## What is being asked
Type the listing below out again exactly. No images.

## Data to use
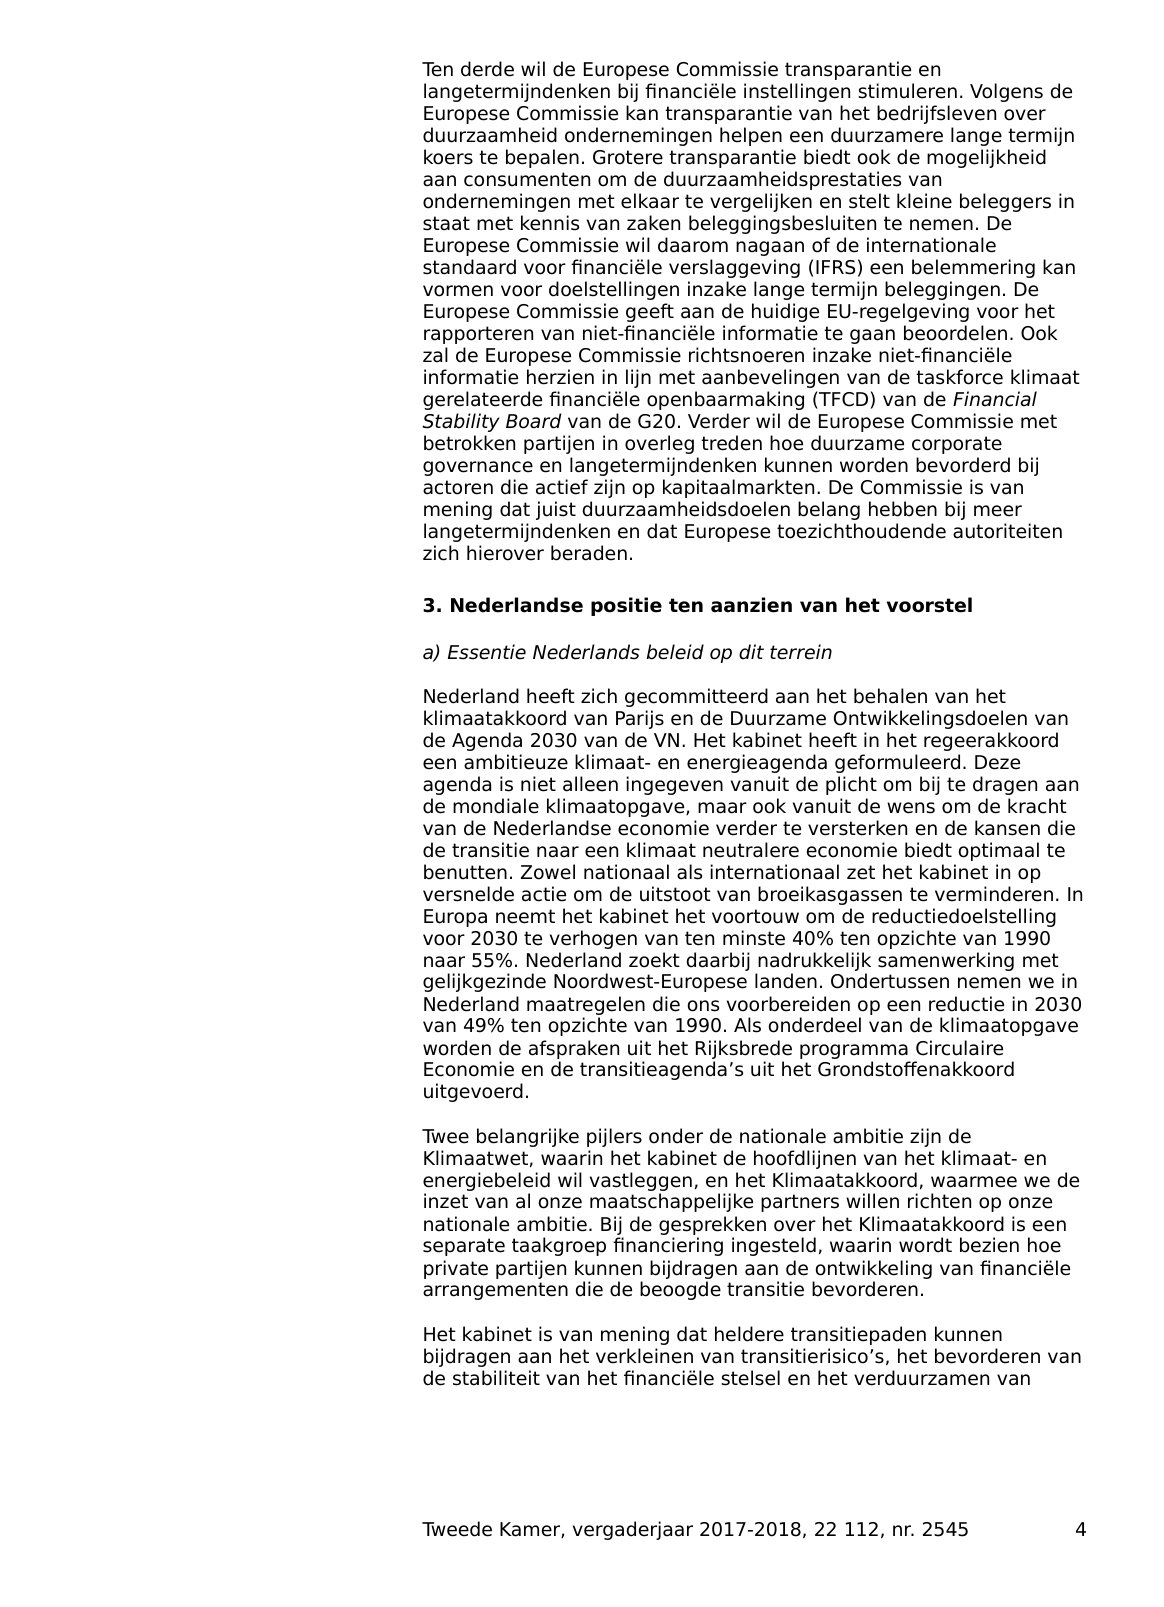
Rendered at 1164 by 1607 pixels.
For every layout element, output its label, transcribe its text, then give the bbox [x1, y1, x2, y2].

text Ten derde wil de Europese Commissie transparantie en langetermijndenken bij financiële instellingen stimuleren. Volgens de Europese Commissie kan transparantie van het bedrijfsleven over duurzaamheid ondernemingen helpen een duurzamere lange termijn koers te bepalen. Grotere transparantie biedt ook de mogelijkheid aan consumenten om de duurzaamheidsprestaties van ondernemingen met elkaar te vergelijken en stelt kleine beleggers in staat met kennis van zaken beleggingsbesluiten te nemen. De Europese Commissie wil daarom nagaan of de internationale standaard voor financiële verslaggeving (IFRS) een belemmering kan vormen voor doelstellingen inzake lange termijn beleggingen. De Europese Commissie geeft aan de huidige EU-regelgeving voor het rapporteren van niet-financiële informatie te gaan beoordelen. Ook zal de Europese Commissie richtsnoeren inzake niet-financiële informatie herzien in lijn met aanbevelingen van de taskforce klimaat gerelateerde financiële openbaarmaking (TFCD) van de Financial Stability Board van de G20. Verder wil de Europese Commissie met betrokken partijen in overleg treden hoe duurzame corporate governance en langetermijndenken kunnen worden bevorderd bij actoren die actief zijn op kapitaalmarkten. De Commissie is van mening dat juist duurzaamheidsdoelen belang hebben bij meer langetermijndenken en dat Europese toezichthoudende autoriteiten zich hierover beraden. [422, 59, 1087, 564]
subtitle a) Essentie Nederlands beleid op dit terrein [422, 642, 1087, 663]
text Het kabinet is van mening dat heldere transitiepaden kunnen bijdragen aan het verkleinen van transitierisico’s, het bevorderen van de stabiliteit van het financiële stelsel en het verduurzamen van [422, 1323, 1087, 1389]
text Twee belangrijke pijlers onder de nationale ambitie zijn de Klimaatwet, waarin het kabinet de hoofdlijnen van het klimaat- en energiebeleid wil vastleggen, en het Klimaatakkoord, waarmee we de inzet van al onze maatschappelijke partners willen richten op onze nationale ambitie. Bij de gesprekken over het Klimaatakkoord is een separate taakgroep financiering ingesteld, waarin wordt bezien hoe private partijen kunnen bijdragen aan de ontwikkeling van financiële arrangementen die de beoogde transitie bevorderen. [422, 1126, 1087, 1301]
subtitle 3. Nederlandse positie ten aanzien van het voorstel [422, 594, 1087, 617]
text Nederland heeft zich gecommitteerd aan het behalen van het klimaatakkoord van Parijs en de Duurzame Ontwikkelingsdoelen van de Agenda 2030 van de VN. Het kabinet heeft in het regeerakkoord een ambitieuze klimaat- en energieagenda geformuleerd. Deze agenda is niet alleen ingegeven vanuit de plicht om bij te dragen aan de mondiale klimaatopgave, maar ook vanuit de wens om de kracht van de Nederlandse economie verder te versterken en de kansen die de transitie naar een klimaat neutralere economie biedt optimaal te benutten. Zowel nationaal als internationaal zet het kabinet in op versnelde actie om de uitstoot van broeikasgassen te verminderen. In Europa neemt het kabinet het voortouw om de reductiedoelstelling voor 2030 te verhogen van ten minste 40% ten opzichte van 1990 naar 55%. Nederland zoekt daarbij nadrukkelijk samenwerking met gelijkgezinde Noordwest-Europese landen. Ondertussen nemen we in Nederland maatregelen die ons voorbereiden op een reductie in 2030 van 49% ten opzichte van 1990. Als onderdeel van de klimaatopgave worden de afspraken uit het Rijksbrede programma Circulaire Economie en de transitieagenda’s uit het Grondstoffenakkoord uitgevoerd. [422, 686, 1087, 1103]
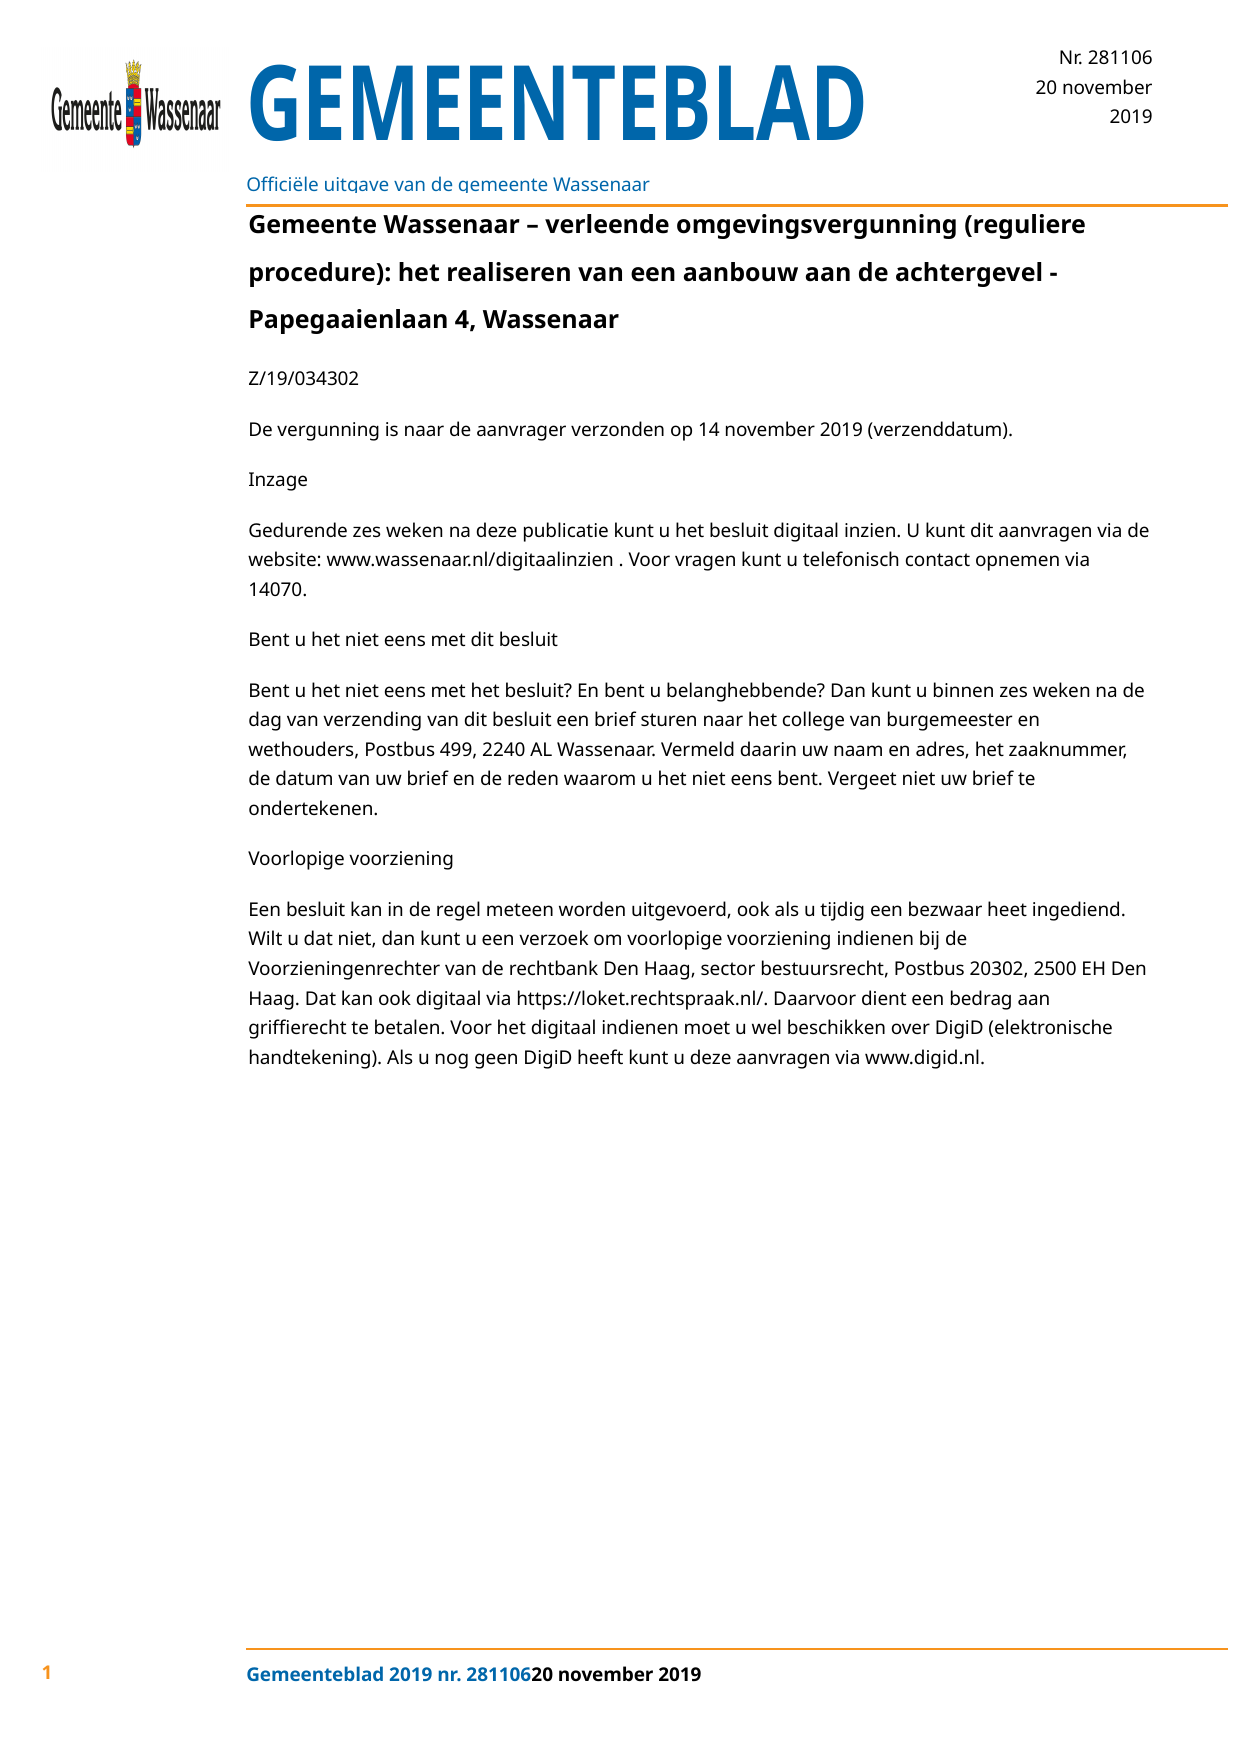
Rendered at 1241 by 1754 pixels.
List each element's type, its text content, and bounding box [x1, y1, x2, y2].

text Bent u het niet eens met dit besluit [248, 626, 1152, 652]
text Gemeente Wassenaar – verleende omgevingsvergunning (reguliere procedure): het realisere­n van een aanbouw aan de achtergev­el - Papegaaienlaan 4, Wassenaar [248, 207, 1152, 336]
text Gedurende zes weken na deze publicatie kunt u het besluit digitaal inzien. U kunt dit aanvragen via de website: www.wassenaar.nl/digitaalinzien . Voor vragen kunt u telefonisch contact opnemen via 14070. [248, 517, 1152, 602]
picture [41, 47, 231, 172]
text De vergunning is naar de aanvrager verzonden op 14 november 2019 (verzenddatum). [248, 416, 1152, 442]
text Voorlopige voorziening [248, 846, 1152, 871]
text Inzage [248, 466, 1152, 492]
text Bent u het niet eens met het besluit? En bent u belanghebbende? Dan kunt u binnen zes weken na de dag van verzending van dit besluit een brief sturen naar het college van burgemeester en wethouders, Postbus 499, 2240 AL Wassenaar. Vermeld daarin uw naam en adres, het zaaknummer, de datum van uw brief en de reden waarom u het niet eens bent. Vergeet niet uw brief te ondertekenen. [248, 677, 1152, 821]
text Z/19/034302 [248, 366, 1152, 391]
text Een besluit kan in de regel meteen worden uitgevoerd, ook als u tijdig een bezwaar heet ingediend. Wilt u dat niet, dan kunt u een verzoek om voorlopige voorziening indienen bij de Voorzieningenrechter van de rechtbank Den Haag, sector bestuursrecht, Postbus 20302, 2500 EH Den Haag. Dat kan ook digitaal via https://loket.rechtspraak.nl/. Daarvoor dient een bedrag aan griffierecht te betalen. Voor het digitaal indienen moet u wel beschikken over DigiD (elektronische handtekening). Als u nog geen DigiD heeft kunt u deze aanvragen via www.digid.nl. [248, 896, 1152, 1069]

## Task output
Rendered at 1164 by 1607 pixels.
For every layout element, output its label, transcribe its text, then give the bbox [x1, y1, x2, y2].

text Ten derde wil de Europese Commissie transparantie en langetermijndenken bij financiële instellingen stimuleren. Volgens de Europese Commissie kan transparantie van het bedrijfsleven over duurzaamheid ondernemingen helpen een duurzamere lange termijn koers te bepalen. Grotere transparantie biedt ook de mogelijkheid aan consumenten om de duurzaamheidsprestaties van ondernemingen met elkaar te vergelijken en stelt kleine beleggers in staat met kennis van zaken beleggingsbesluiten te nemen. De Europese Commissie wil daarom nagaan of de internationale standaard voor financiële verslaggeving (IFRS) een belemmering kan vormen voor doelstellingen inzake lange termijn beleggingen. De Europese Commissie geeft aan de huidige EU-regelgeving voor het rapporteren van niet-financiële informatie te gaan beoordelen. Ook zal de Europese Commissie richtsnoeren inzake niet-financiële informatie herzien in lijn met aanbevelingen van de taskforce klimaat gerelateerde financiële openbaarmaking (TFCD) van de Financial Stability Board van de G20. Verder wil de Europese Commissie met betrokken partijen in overleg treden hoe duurzame corporate governance en langetermijndenken kunnen worden bevorderd bij actoren die actief zijn op kapitaalmarkten. De Commissie is van mening dat juist duurzaamheidsdoelen belang hebben bij meer langetermijndenken en dat Europese toezichthoudende autoriteiten zich hierover beraden. [422, 59, 1087, 564]
subtitle a) Essentie Nederlands beleid op dit terrein [422, 642, 1087, 663]
text Het kabinet is van mening dat heldere transitiepaden kunnen bijdragen aan het verkleinen van transitierisico’s, het bevorderen van de stabiliteit van het financiële stelsel en het verduurzamen van [422, 1323, 1087, 1389]
text Twee belangrijke pijlers onder de nationale ambitie zijn de Klimaatwet, waarin het kabinet de hoofdlijnen van het klimaat- en energiebeleid wil vastleggen, en het Klimaatakkoord, waarmee we de inzet van al onze maatschappelijke partners willen richten op onze nationale ambitie. Bij de gesprekken over het Klimaatakkoord is een separate taakgroep financiering ingesteld, waarin wordt bezien hoe private partijen kunnen bijdragen aan de ontwikkeling van financiële arrangementen die de beoogde transitie bevorderen. [422, 1126, 1087, 1301]
subtitle 3. Nederlandse positie ten aanzien van het voorstel [422, 594, 1087, 617]
text Nederland heeft zich gecommitteerd aan het behalen van het klimaatakkoord van Parijs en de Duurzame Ontwikkelingsdoelen van de Agenda 2030 van de VN. Het kabinet heeft in het regeerakkoord een ambitieuze klimaat- en energieagenda geformuleerd. Deze agenda is niet alleen ingegeven vanuit de plicht om bij te dragen aan de mondiale klimaatopgave, maar ook vanuit de wens om de kracht van de Nederlandse economie verder te versterken en de kansen die de transitie naar een klimaat neutralere economie biedt optimaal te benutten. Zowel nationaal als internationaal zet het kabinet in op versnelde actie om de uitstoot van broeikasgassen te verminderen. In Europa neemt het kabinet het voortouw om de reductiedoelstelling voor 2030 te verhogen van ten minste 40% ten opzichte van 1990 naar 55%. Nederland zoekt daarbij nadrukkelijk samenwerking met gelijkgezinde Noordwest-Europese landen. Ondertussen nemen we in Nederland maatregelen die ons voorbereiden op een reductie in 2030 van 49% ten opzichte van 1990. Als onderdeel van de klimaatopgave worden de afspraken uit het Rijksbrede programma Circulaire Economie en de transitieagenda’s uit het Grondstoffenakkoord uitgevoerd. [422, 686, 1087, 1103]
Rendered at 1241 by 1754 pixels.
List each element's type, its text content, and bounding box [x1, y1, x2, y2].

text Bent u het niet eens met dit besluit [248, 626, 1152, 652]
text Gemeente Wassenaar – verleende omgevingsvergunning (reguliere procedure): het realisere­n van een aanbouw aan de achtergev­el - Papegaaienlaan 4, Wassenaar [248, 207, 1152, 336]
text Gedurende zes weken na deze publicatie kunt u het besluit digitaal inzien. U kunt dit aanvragen via de website: www.wassenaar.nl/digitaalinzien . Voor vragen kunt u telefonisch contact opnemen via 14070. [248, 517, 1152, 602]
picture [41, 47, 231, 172]
text De vergunning is naar de aanvrager verzonden op 14 november 2019 (verzenddatum). [248, 416, 1152, 442]
text Voorlopige voorziening [248, 846, 1152, 871]
text Inzage [248, 466, 1152, 492]
text Bent u het niet eens met het besluit? En bent u belanghebbende? Dan kunt u binnen zes weken na de dag van verzending van dit besluit een brief sturen naar het college van burgemeester en wethouders, Postbus 499, 2240 AL Wassenaar. Vermeld daarin uw naam en adres, het zaaknummer, de datum van uw brief en de reden waarom u het niet eens bent. Vergeet niet uw brief te ondertekenen. [248, 677, 1152, 821]
text Z/19/034302 [248, 366, 1152, 391]
text Een besluit kan in de regel meteen worden uitgevoerd, ook als u tijdig een bezwaar heet ingediend. Wilt u dat niet, dan kunt u een verzoek om voorlopige voorziening indienen bij de Voorzieningenrechter van de rechtbank Den Haag, sector bestuursrecht, Postbus 20302, 2500 EH Den Haag. Dat kan ook digitaal via https://loket.rechtspraak.nl/. Daarvoor dient een bedrag aan griffierecht te betalen. Voor het digitaal indienen moet u wel beschikken over DigiD (elektronische handtekening). Als u nog geen DigiD heeft kunt u deze aanvragen via www.digid.nl. [248, 896, 1152, 1069]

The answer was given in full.